Spinoffs in the home alarm industry are not new to VIC. Since their financials don’t fit into the model most security analysts are accustom to looking at (more on this later), they tend to trade at a substantial discount to their private market value. Securitas Direct (SDIRB) was written up post its spinoff and was bought out a year later.  A little while later, Brinks (CFL) was recommended after its spinoff and was bought out in slightly over a year. Both situations highlight the fact that home alarm companies, largely due to the fact that they expense the purchase of physical and tangible assets that typically last for multiple years, tend to have much higher private market values than usually awarded by the public market.

ADT has two sources of upside as a recently independent company. First, prior to the spinoff ADT cleaned house by taking a large price increase that drove attrition higher than it would have been otherwise. While churn in the industry has picked up due to more moving activity, ADT’s was artificially higher because of this one-time event. Second, ADT has a non-compete with Tyco (TYC) that restricts it from growing internationally and prevents them from servicing commercial accounts larger than 7,500 square feet. As a result, the company will spend the next two years focusing on improving and optimizing internal operations. Where in the past, the company may have been more inclined to allocate time and capital to global growth and branch offices prioritized serviced large commercial accounts, ADT can now focus solely residential accounts and small commercial accounts. Our conversations with industry participants suggest that there are still a fair number of costs that can be wrung out of its system and many processes that can be better standardized across regions in order to optimize operations.

 

Aligned with Shareholders

ADT initially began trading regular way at $38/share in September. While the company’s parent had a long history of providing conservative guidance and beating expectations, at ADT’s analyst day investors wondered if the public markets would ever appropriately value the company without management providing appropriate metrics, questioned management’s suboptimal utilization of its balance sheet, and also sought clarity on the sustainability of the company’s 7% cash tax rate.

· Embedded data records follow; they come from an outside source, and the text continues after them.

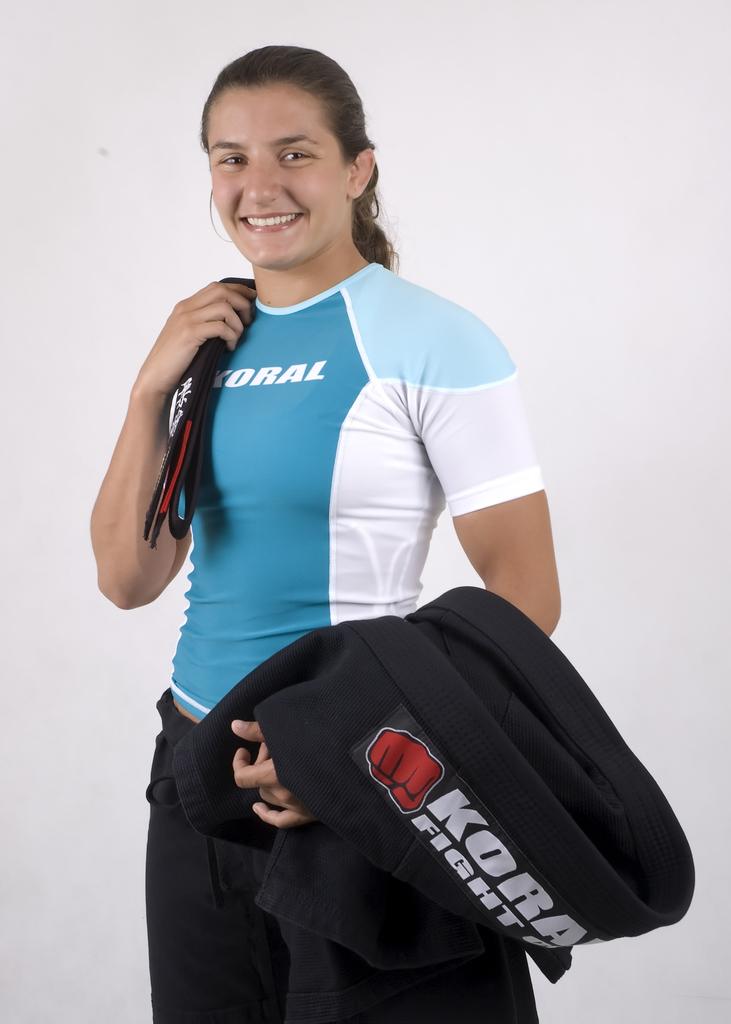What is the brand of gear worn here?
Your answer should be very brief. Koral. What does her shirt say?
Ensure brevity in your answer.  Koral. 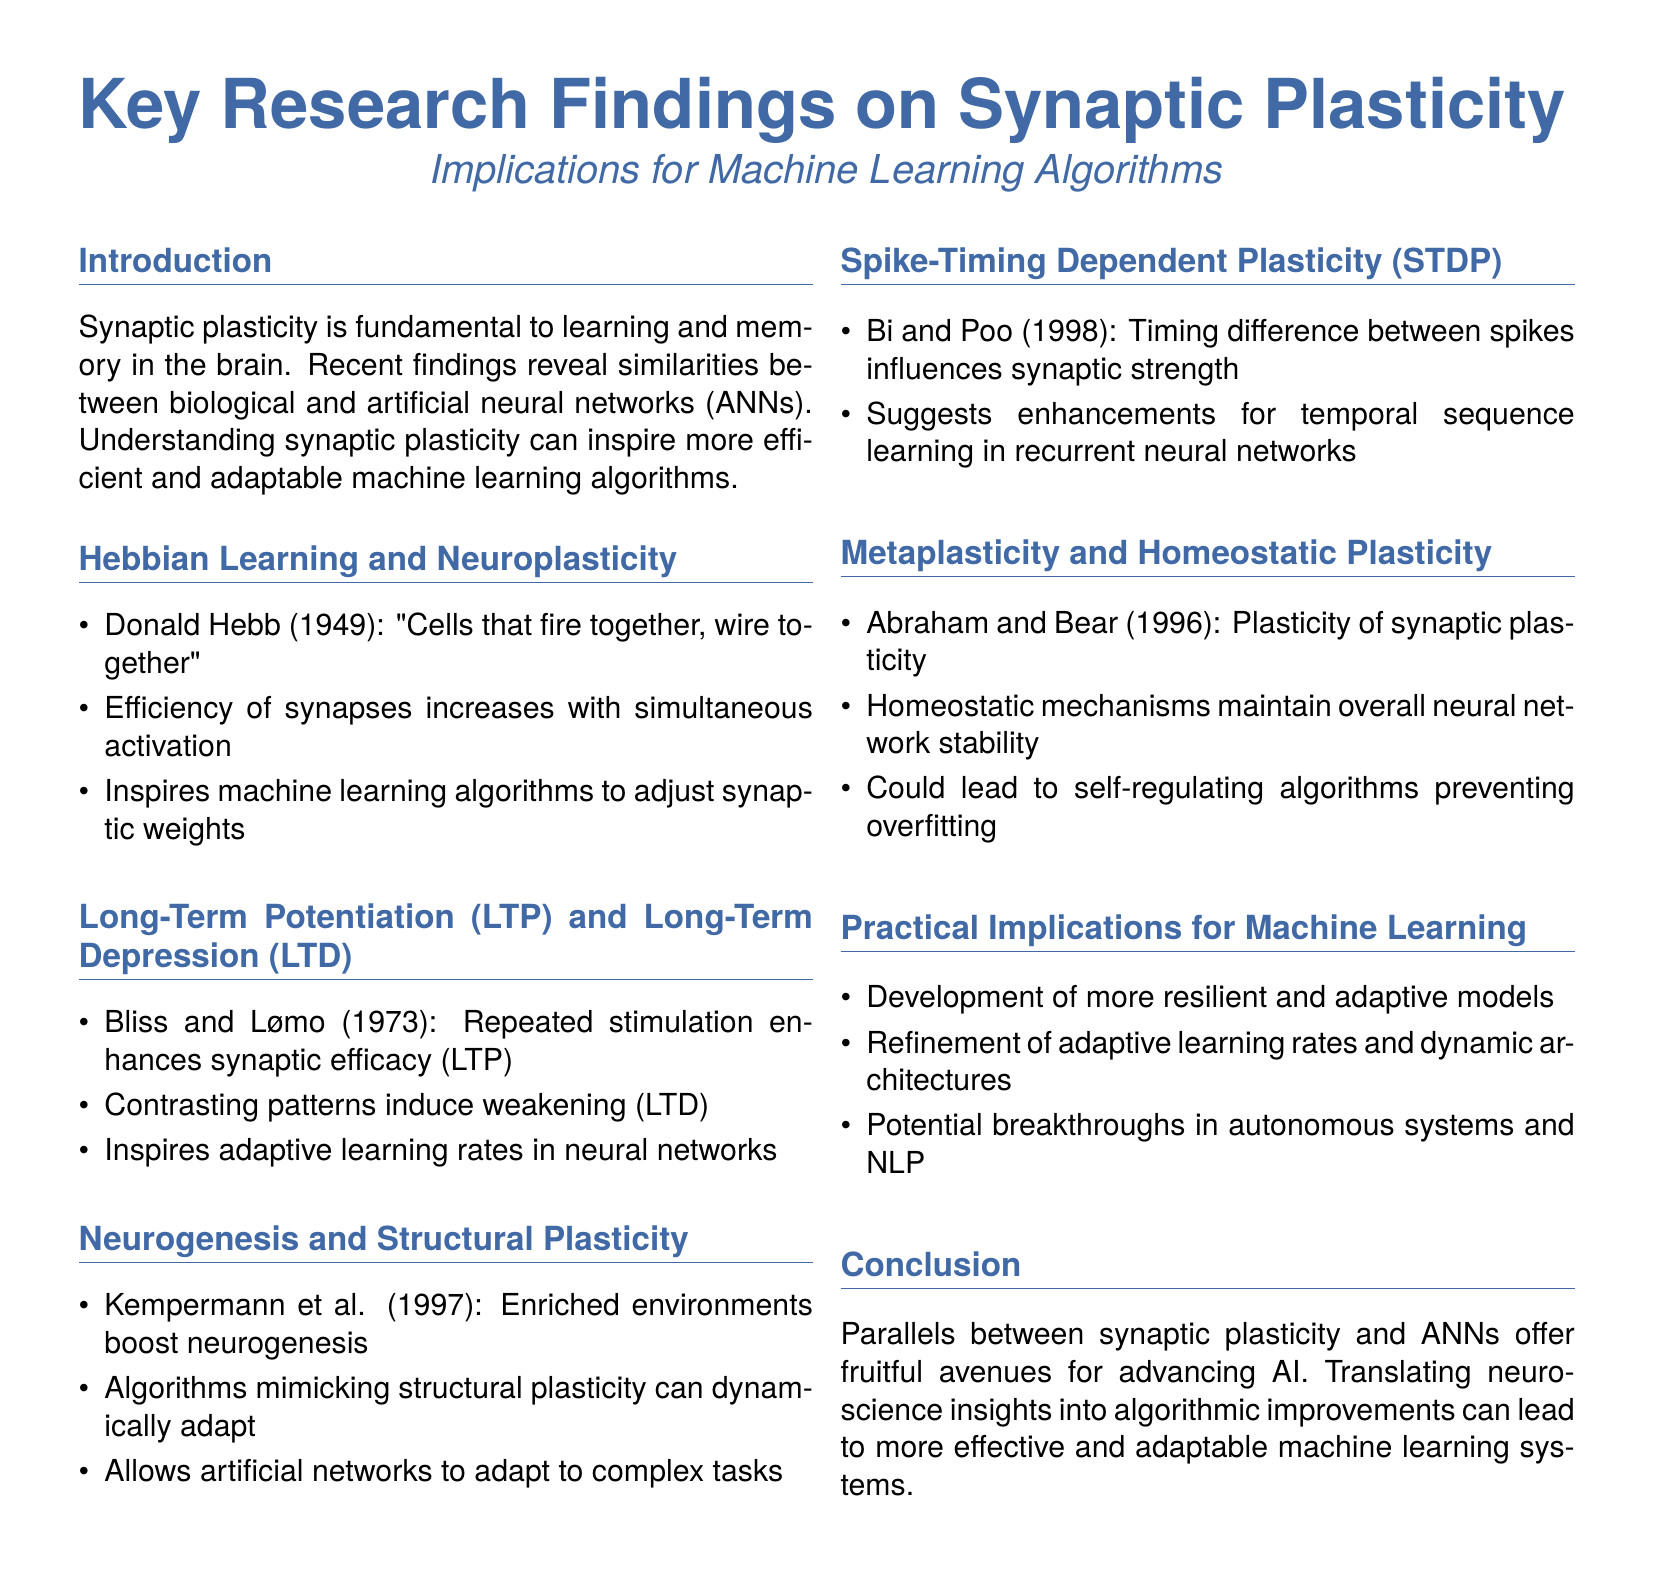What did Donald Hebb state in 1949? Donald Hebb's quote highlights the principle that simultaneous activation of cells strengthens their connection, leading to the phrase "Cells that fire together, wire together."
Answer: "Cells that fire together, wire together" What enhances synaptic efficacy according to Bliss and Lømo? Bliss and Lømo's findings indicate that repeated stimulation improves synaptic efficacy, a phenomenon known as long-term potentiation (LTP).
Answer: LTP What environmental condition boosts neurogenesis? The document states that enriched environments contribute positively to neurogenesis according to Kempermann et al.
Answer: Enriched environments Who conducted significant research on spike-timing dependent plasticity? The study of spike-timing dependent plasticity is attributed to Bi and Poo in 1998.
Answer: Bi and Poo What concept describes the stability-maintaining mechanisms in neural networks? The term for mechanisms that maintain stability in neural networks is homeostatic plasticity, as described by Abraham and Bear.
Answer: Homeostatic plasticity What practical implications are mentioned for machine learning? The document outlines that advancements in resilience and adaptability of models represent practical implications for machine learning.
Answer: Resilience and adaptability How does the concept of metaplasticity relate to synaptic plasticity? Metaplasticity refers to the plasticity of synaptic plasticity itself, providing insight into changes in plasticity mechanisms.
Answer: Plasticity of synaptic plasticity What potential advancements in AI methods are hinted at in the conclusion? The conclusion suggests that translating neuroscience insights can lead to breakthroughs in artificial intelligence systems.
Answer: Breakthroughs in AI What type of learning rates are inspired by LTP and LTD findings? The learning rates adjusted by the concepts of LTP and LTD are adaptive learning rates as inspired by these phenomena.
Answer: Adaptive learning rates

In October, Corvex filed a 13D with a 5% position. Corvex recognized that the cash tax rate was likely to remain low for at least six years and thus calculated that ADT would be generating substantial FCF that it was able to reinvest back into its business at 15-20% IRRs. Due to the massive spread between this reinvestment opportunity and the company’s 3% post-tax cost of debt, Corvex concluded that with the appropriate capital structure ADT would be worth $55/share. Shares of ADT traded up to $42/share.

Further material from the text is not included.